**About this task:** Leave every picture out, and print the full listing again exactly.
↓↓↓
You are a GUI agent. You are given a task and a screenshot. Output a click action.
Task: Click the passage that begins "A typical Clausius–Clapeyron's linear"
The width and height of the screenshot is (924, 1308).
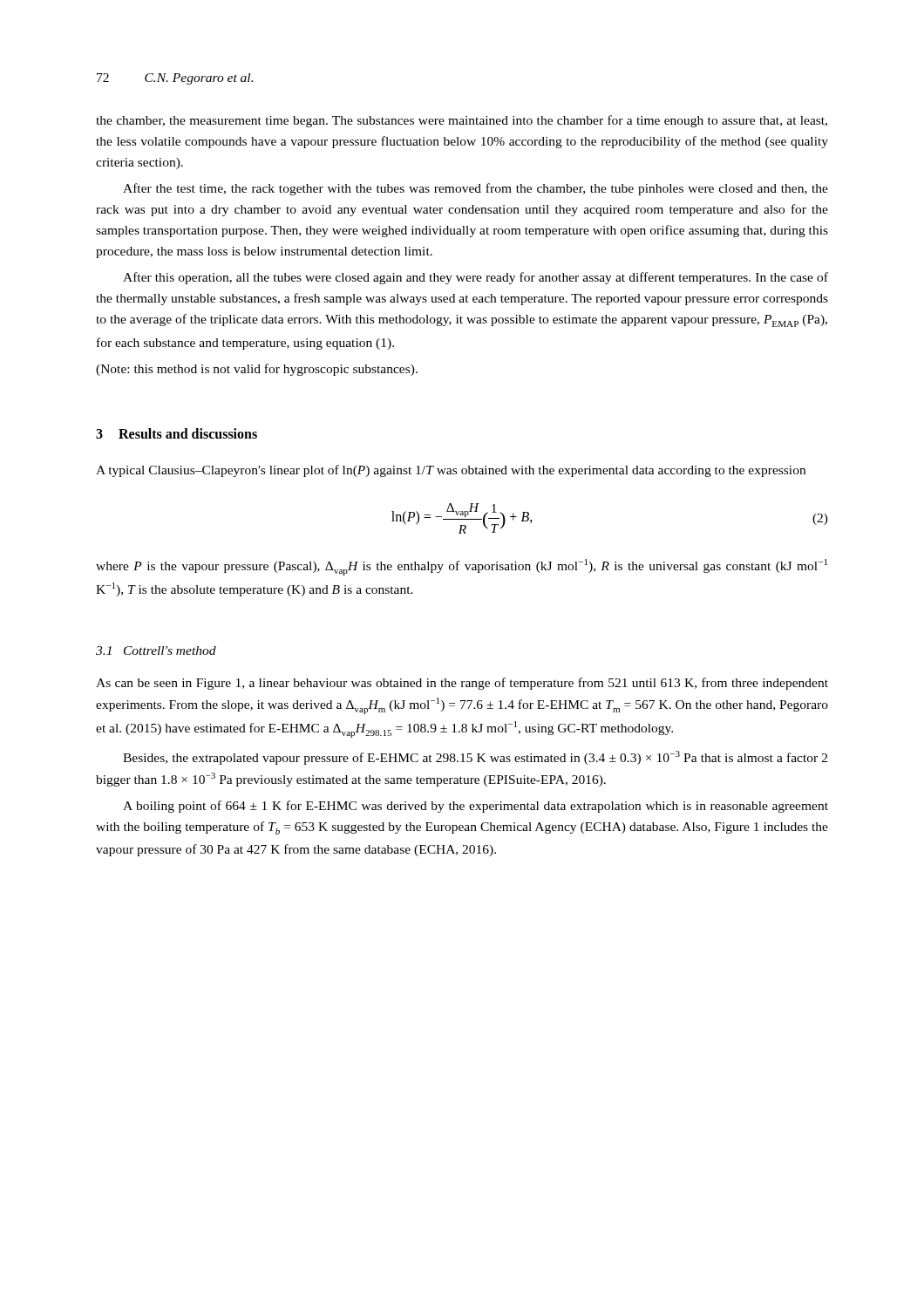coord(462,470)
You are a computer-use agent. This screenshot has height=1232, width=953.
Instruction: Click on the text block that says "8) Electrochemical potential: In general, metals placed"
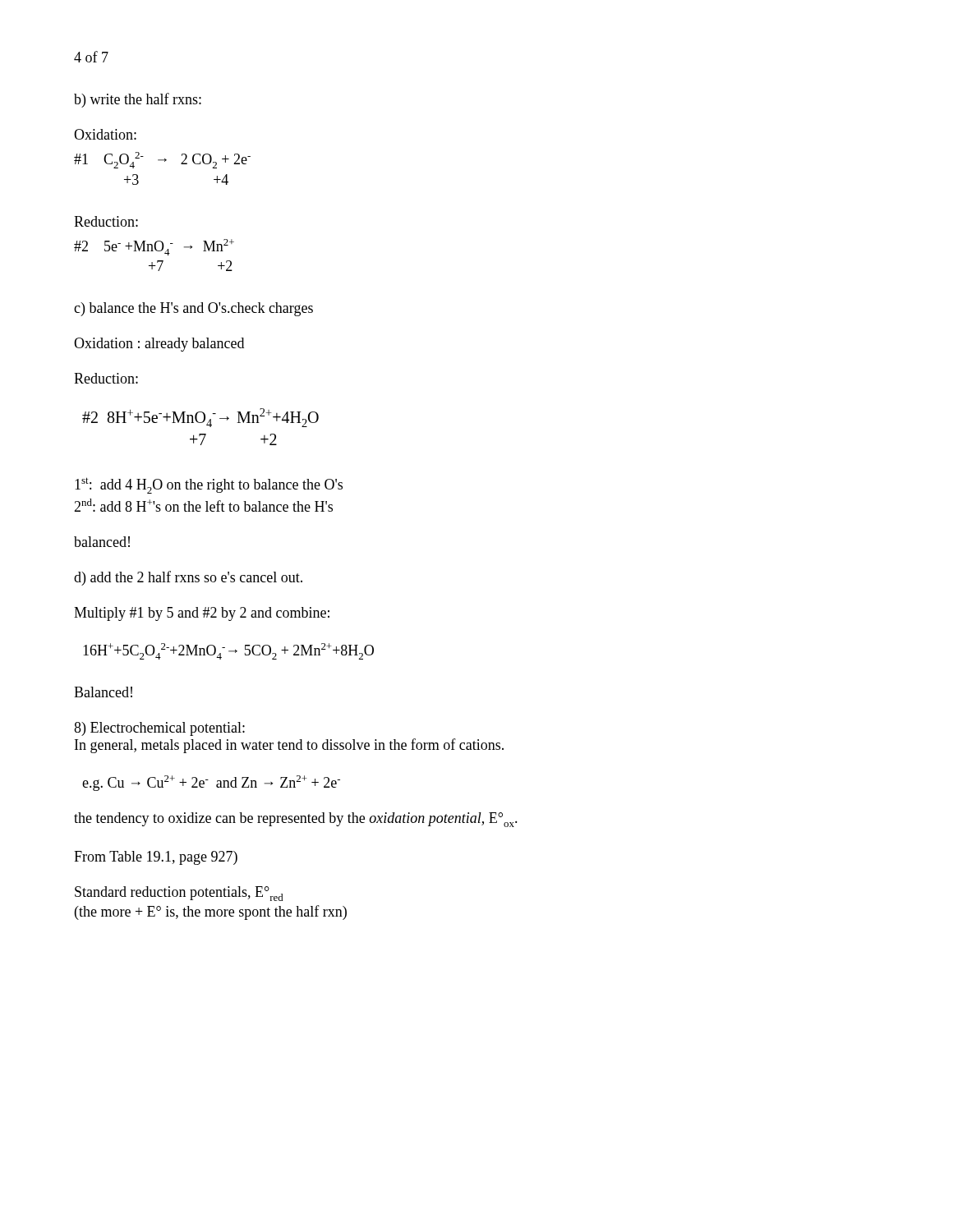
↑↑↑
**Output of the exercise:**
You are a GUI agent. You are given a task and a screenshot. Output a click action.
Task: Click the passage that begins "A typical Clausius–Clapeyron's linear"
The width and height of the screenshot is (924, 1308).
coord(462,470)
You are a computer-use agent. This screenshot has height=1232, width=953.
Instruction: Click on the text block that says "8) Electrochemical potential: In general, metals placed"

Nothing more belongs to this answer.